By Geoffrey Smith
Investing.com — Germany’s biggest airline gave some food for thought to those playing the reopening trade on Thursday, revising down its own outlook and stressing that the fate of the sector this year rests in the hands of European politicians who are, so far, failing to get vaccines into people’s arms.
Deutsche Lufthansa (DE:) said expects a second straight operating loss in 2021, albeit a much smaller one than last year’s 5.5 billion euros. For the first quarter, CEO Carsten Spohr said he expects a drain of 300 million euros.
As so often in the past, the airline will have more planes than it needs this year: it will fly only 40% -50% of its pre-pandemic capacity this year, compared to an earlier estimate of up to 60%. Lufthansa reckons it needs to be flying over 50% of capacity to generate positive operating cash flow.
“Our business has recovered more slowly than we had initially hoped,” Spohr said.
The airline was also downbeat on the longer-term outlook it doesn’t expect traffic to return to pre-Covid levels until at least the middle of the decade.
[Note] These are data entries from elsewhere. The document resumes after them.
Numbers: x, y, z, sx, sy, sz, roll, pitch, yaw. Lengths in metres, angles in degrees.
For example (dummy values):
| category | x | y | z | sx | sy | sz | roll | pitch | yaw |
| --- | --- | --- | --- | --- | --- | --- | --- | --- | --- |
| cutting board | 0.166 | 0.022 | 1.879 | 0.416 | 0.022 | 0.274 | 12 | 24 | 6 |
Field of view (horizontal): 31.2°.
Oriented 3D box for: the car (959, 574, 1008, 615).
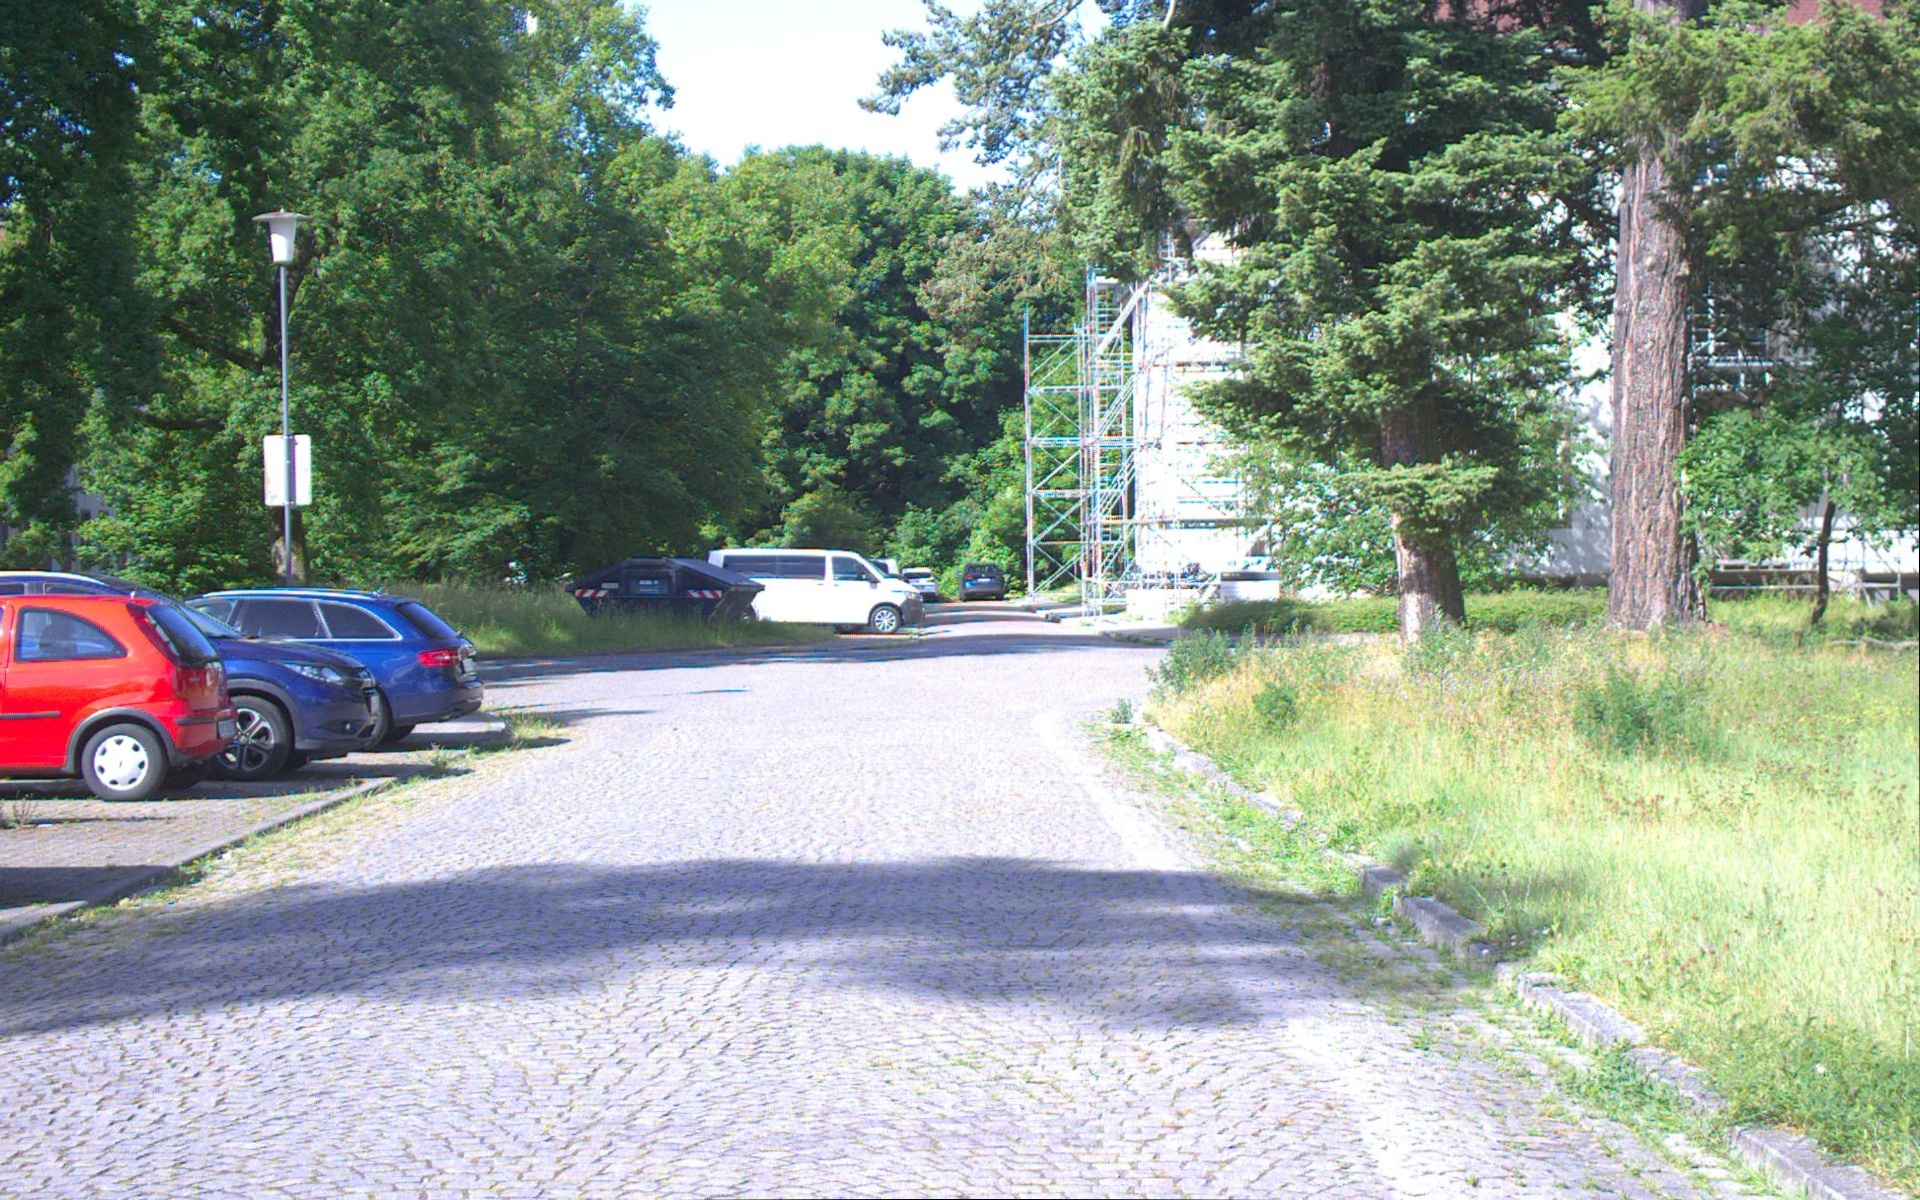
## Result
| category | x | y | z | sx | sy | sz | roll | pitch | yaw |
| --- | --- | --- | --- | --- | --- | --- | --- | --- | --- |
| car | 0.980 | -0.239 | 146.688 | 1.971 | 1.662 | 4.086 | -1 | 0 | -1 |

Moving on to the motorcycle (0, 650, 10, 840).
| category | x | y | z | sx | sy | sz | roll | pitch | yaw |
| --- | --- | --- | --- | --- | --- | --- | --- | --- | --- |
| motorcycle | -6.999 | 0.891 | 20.979 | 2.242 | 1.158 | 0.577 | 0 | 0 | 1 |

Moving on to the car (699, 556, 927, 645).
| category | x | y | z | sx | sy | sz | roll | pitch | yaw |
| --- | --- | --- | --- | --- | --- | --- | --- | --- | --- |
| car | -3.407 | -0.003 | 80.351 | 5.234 | 2.009 | 1.950 | -1 | 0 | -1 |

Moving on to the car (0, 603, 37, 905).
| category | x | y | z | sx | sy | sz | roll | pitch | yaw |
| --- | --- | --- | --- | --- | --- | --- | --- | --- | --- |
| car | -6.619 | 0.748 | 16.486 | 3.923 | 1.456 | 1.842 | 0 | 1 | -2 |

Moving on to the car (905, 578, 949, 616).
| category | x | y | z | sx | sy | sz | roll | pitch | yaw |
| --- | --- | --- | --- | --- | --- | --- | --- | --- | --- |
| car | -1.420 | -0.142 | 146.376 | 1.812 | 1.574 | 4.135 | -1 | 0 | -1 |

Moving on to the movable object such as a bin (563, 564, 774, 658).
| category | x | y | z | sx | sy | sz | roll | pitch | yaw |
| --- | --- | --- | --- | --- | --- | --- | --- | --- | --- |
| movable object such as a bin | -5.693 | 0.209 | 67.242 | 3.568 | 1.739 | 2.023 | -1 | 0 | 18 |

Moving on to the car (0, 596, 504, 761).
| category | x | y | z | sx | sy | sz | roll | pitch | yaw |
| --- | --- | --- | --- | --- | --- | --- | --- | --- | --- |
| car | -6.502 | 0.694 | 31.453 | 4.360 | 1.440 | 1.921 | 0 | 1 | 2 |

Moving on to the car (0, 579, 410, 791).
| category | x | y | z | sx | sy | sz | roll | pitch | yaw |
| --- | --- | --- | --- | --- | --- | --- | --- | --- | --- |
| car | -6.493 | 0.633 | 26.770 | 4.135 | 1.574 | 1.884 | 0 | 1 | 0 |

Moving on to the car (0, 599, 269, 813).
| category | x | y | z | sx | sy | sz | roll | pitch | yaw |
| --- | --- | --- | --- | --- | --- | --- | --- | --- | --- |
| car | -7.058 | 0.725 | 24.390 | 3.923 | 1.428 | 1.842 | 0 | 1 | 1 |

It had earlier expected business to be back to 2019 levels by 2024. As a result, it’s looking at retiring more of its older planes.
All this was published along with a record net loss of 6.7 billion euros ($8.0 billion) that the market had already priced in. Lufthansa stock fell 1.4%, making it the worst performer of the major European airlines on the day.
Strikingly, right at the top of Lufthansa’s news release was an appeal to the European Union to set up “internationally recognized, digital vaccination and test certificates “ to allow people to travel with confidence again, free from the fear of catching Covid-19 in an enclosed plane cabin.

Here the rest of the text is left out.